Resul-ü Ekrem, “Muharebe bir çeşit aldatma ve hiledir. Sen de bizim için bir hile ediver.” diye buyurdu. Nuaym ise Eşcâ Kabilesi ileri gelenlerinden, her işe yarar, cin fikirli ve tedbirli bir adamdı. Hemen kalkıp Beni Kurayza bölgesine gitti ve Ka’b İbni Esed ile görüştü. Ka’b’ın yanında Yahudilerin ileri gelenlerinden birkaç kişi olduğu hâlde Nuaym, onlara, “Ey Beni Kurayza ileri gelenleri! Sizleri ne kadar sevdiğimi bilirsiniz. Sırf sizlere olan sevgim yüzünden kaç gündür hâlinizi düşünüp duruyorum.” deyince, Yahudiler, “Bizim sana her bakımdan güvenimiz tamdır. Söyle bakalım…” dediler.

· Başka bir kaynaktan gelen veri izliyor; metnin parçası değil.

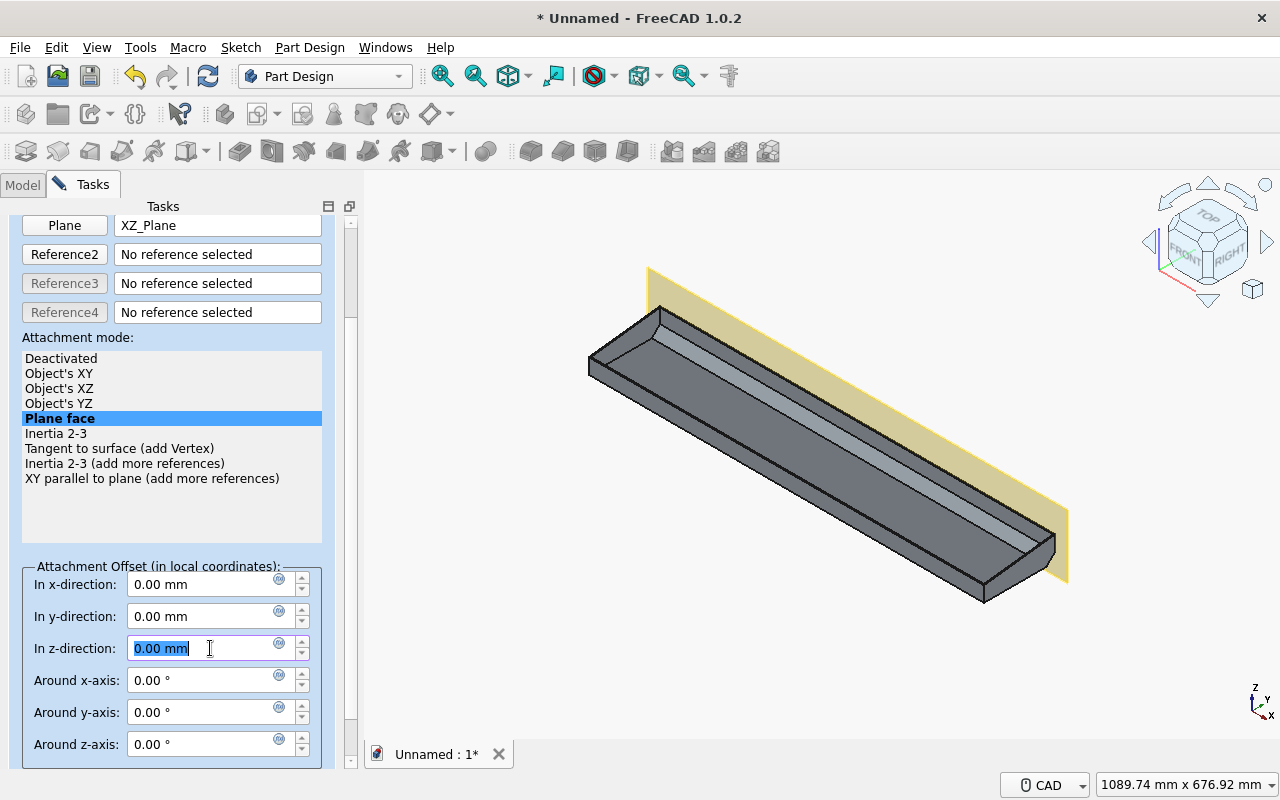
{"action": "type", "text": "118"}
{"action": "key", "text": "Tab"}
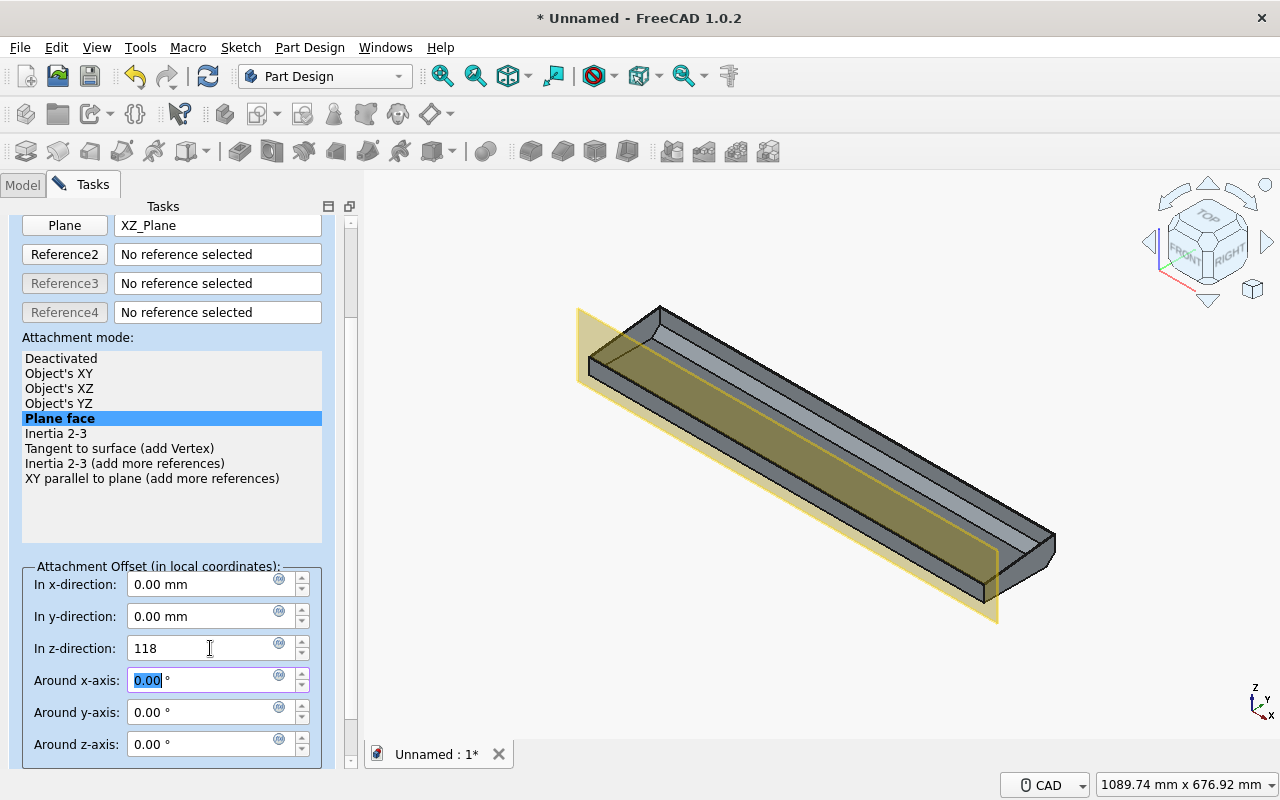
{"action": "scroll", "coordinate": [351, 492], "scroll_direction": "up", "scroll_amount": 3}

Bunun üzerine Nuaym, “Ben şurasını düşünüyorum ki Kureyş ve Gatafân kabileleri buraya geldiler. Müslümanları bitirmek üzere gayret ediyorlar fakat onlar da karşı koyup savunmaktan hiç geri durmuyorlar. Bu kabileler, artık usanmaya başladılar… Pek sıkılırlarsa sizi yalnız bırakıp giderler. Sizler, Müslümanların pençesine düşersiniz. Antlaşmayı bozmakla suçlandığınızdan, artık yakanızı onların elinden kurtaramazsınız. Bana kalırsa sizler Kureyş ve Gatafân’ın ileri gelenlerinden birtakım adamları rehin almalısınız ki onlar da işi bitirmedikçe savuşup gidemesinler.” deyince, Yahudiler onun görüşlerini yerinde bulmuşlardı.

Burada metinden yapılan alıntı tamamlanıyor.